#### [WORK INSTRUCTION]
Below are the records; give again exactly the line with "1. small box <box>723,504,839,635</box>", the line with "2. small box <box>843,484,981,621</box>", and each line that lies between them, and nothing besides.

#### [RECORDS PROVIDED]
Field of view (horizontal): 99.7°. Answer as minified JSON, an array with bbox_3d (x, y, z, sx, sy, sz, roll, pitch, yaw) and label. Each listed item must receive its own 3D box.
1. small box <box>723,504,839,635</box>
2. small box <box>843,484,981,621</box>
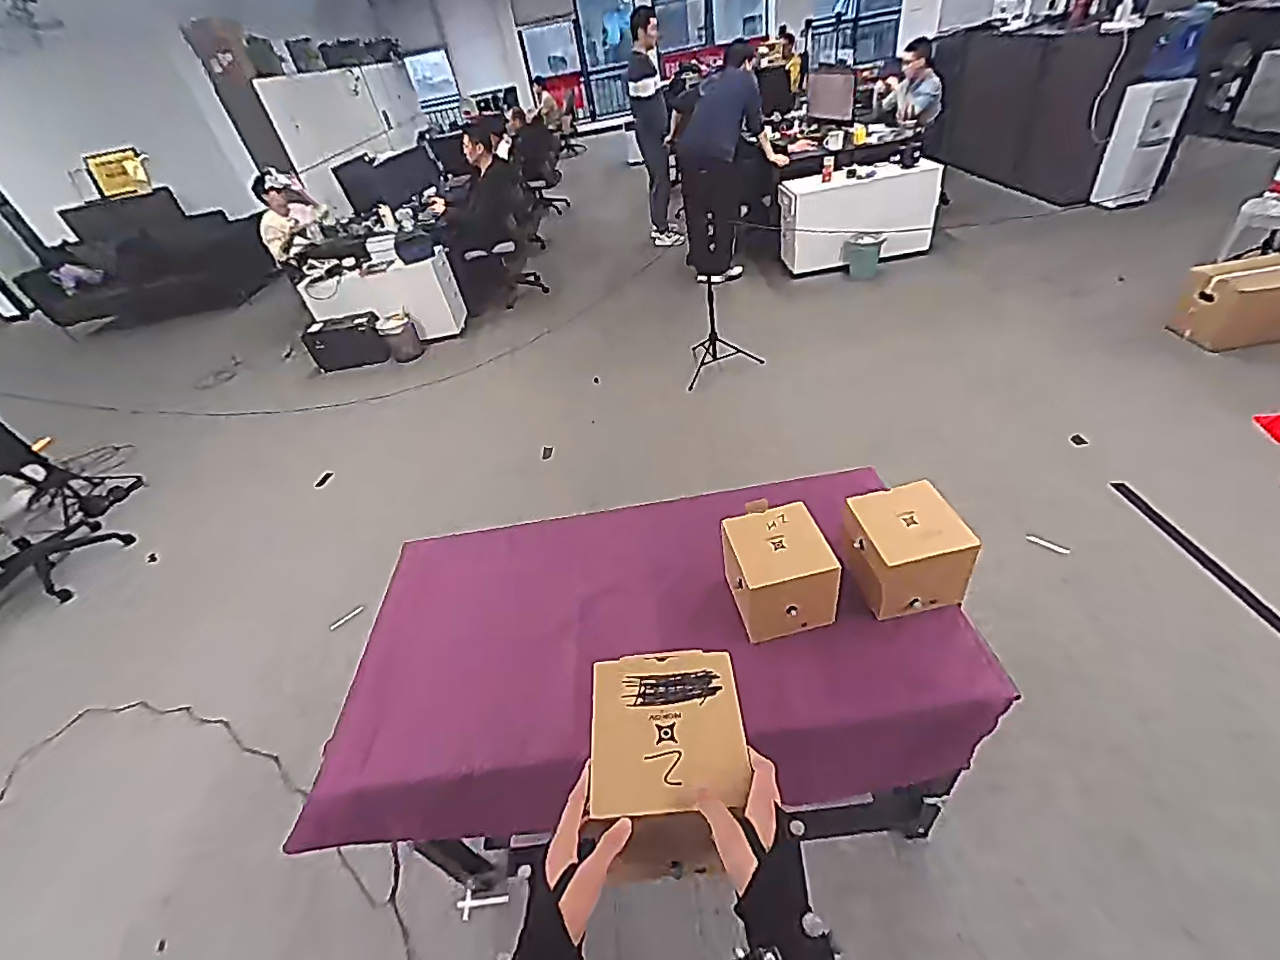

--

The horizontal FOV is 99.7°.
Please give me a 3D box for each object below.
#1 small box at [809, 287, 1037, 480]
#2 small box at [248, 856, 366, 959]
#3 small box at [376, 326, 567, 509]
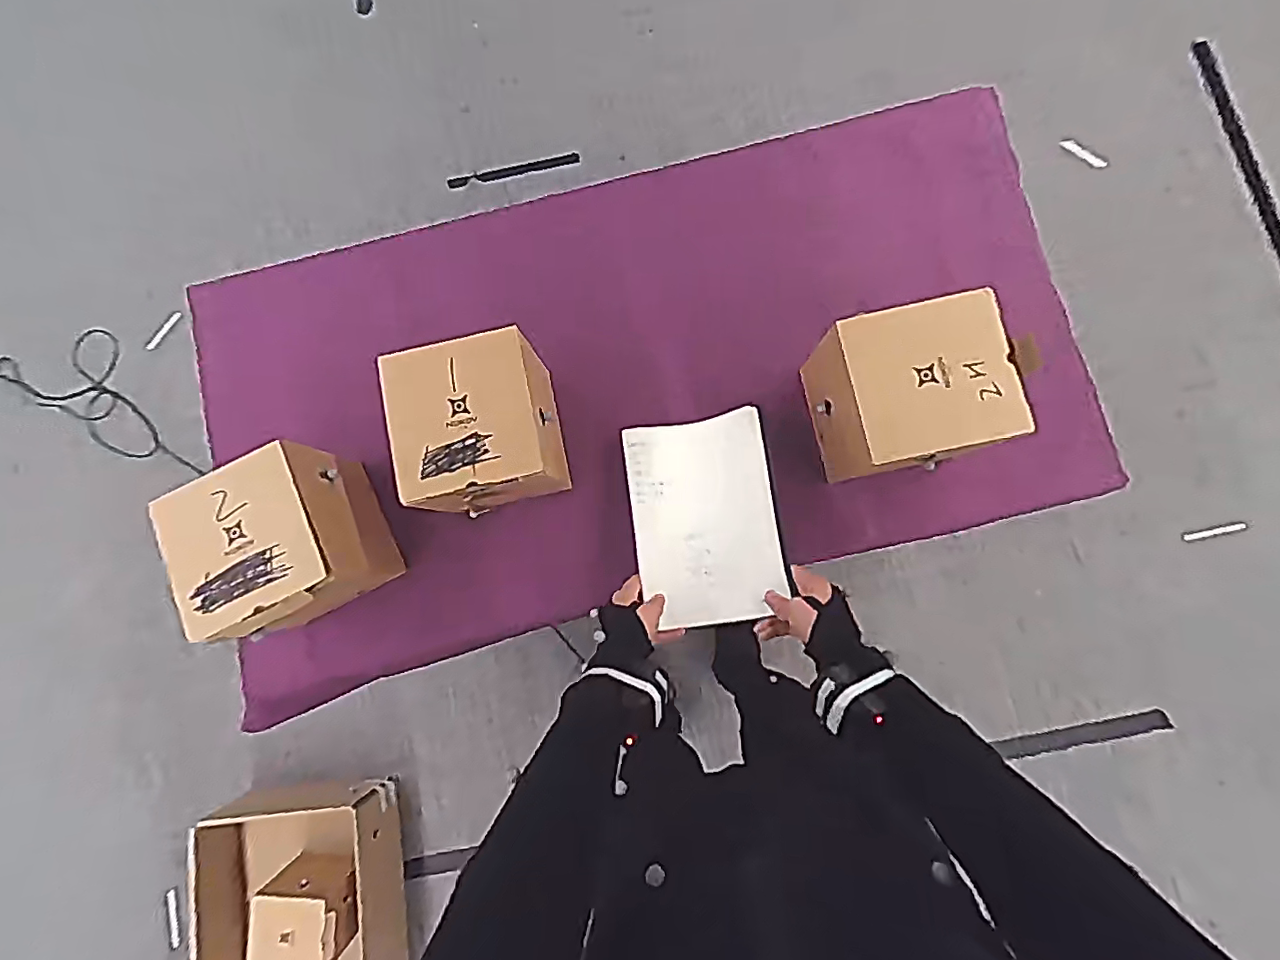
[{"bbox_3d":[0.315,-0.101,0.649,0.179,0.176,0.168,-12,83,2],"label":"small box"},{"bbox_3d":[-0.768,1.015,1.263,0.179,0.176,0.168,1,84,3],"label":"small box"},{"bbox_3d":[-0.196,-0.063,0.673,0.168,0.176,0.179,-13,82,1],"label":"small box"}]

#### [ANSWER TO THIS PROBLEM]
1. small box <box>723,504,839,635</box>
2. small box <box>843,484,981,621</box>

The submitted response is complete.